The Sopranos Sessions

I made sure that 2018 was the year I finally made my way through The Sopranos. I finished the final season just before the year ended. It was quite the trek and nicely timed given that The Sopranos Sessions was set to release this month. After finishing the show, I jumped into the book and went on the wild ride all over again.

Matt Zoller Seitz and Alan Sepinwall teamed up on TV (The Book): Two Experts Pick the Greatest American Shows of All Time, a book that I have yet to read due to my lack of having watched Mad Men just yet. (Although, I do own the book.) However, I have been following Sepinwall’s writing for a few years now. The way these two men write about television is something I aspire to accomplish myself one day.

With The Sopranos Sessions, they recapture those feelings that one gets while watching the episodes. You can either watch an episode (or a few) and read the subsequent entry in the book, or you can do what I did and finally watch the show in full and then dive on in and spend hours at a time reading the book. No matter which option you choose, you’ll get that same feeling.

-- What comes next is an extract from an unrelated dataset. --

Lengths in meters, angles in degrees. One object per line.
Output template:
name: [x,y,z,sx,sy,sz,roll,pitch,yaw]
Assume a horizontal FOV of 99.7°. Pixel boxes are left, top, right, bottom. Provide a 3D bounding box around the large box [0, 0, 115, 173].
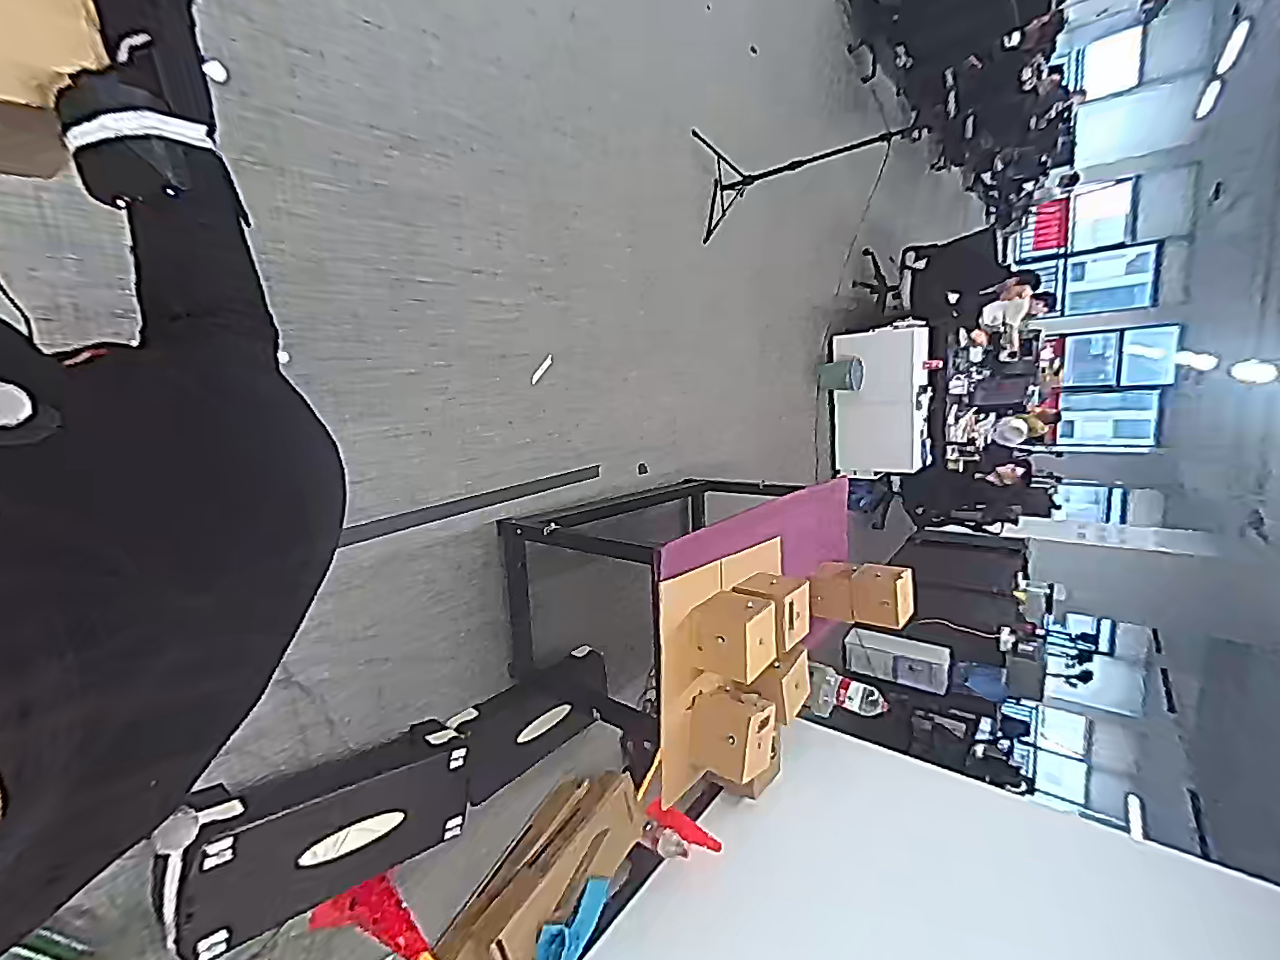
large box: [-0.607,-0.374,0.268,0.408,0.320,0.320,-22,120,-49]

The conversations with David Chase were the most illuminating parts of the book. Compiled into one section, you get hours worth of discussions between the writers and Chase. He’s removed from the show now, but you can tell just how much of his life it took up while he was working on it. If the passion wouldn’t have been there, The Sopranos would have been an inherently different show. I don’t want to give too much away on what was said, but know that they do discuss the final scene of the series and it’s entertaining.

There wasn’t a single point while reading this book where I grew tired of reading an analysis of television episodes. It might not be everyone’s cup of tea, but the writing flowed so well to the point where I didn’t want to put it down (despite having to at times). The show hasn’t been on for years now, and yet the book still feels fresh and relevant. Although, my bias in that matter might come from having just watched the show for the first time, which is a testament to how long the show’s had an impact.

If you’ve enjoyed The Sopranos at any point, this book is a must-read. The writers understand the impact the show had on television in general, how James Gandolfini transcended his role as Tony Soprano, and they had access to not only David Chase, but other members of the cast and crew which gives you a special look at the show. You won’t find something like this anywhere else.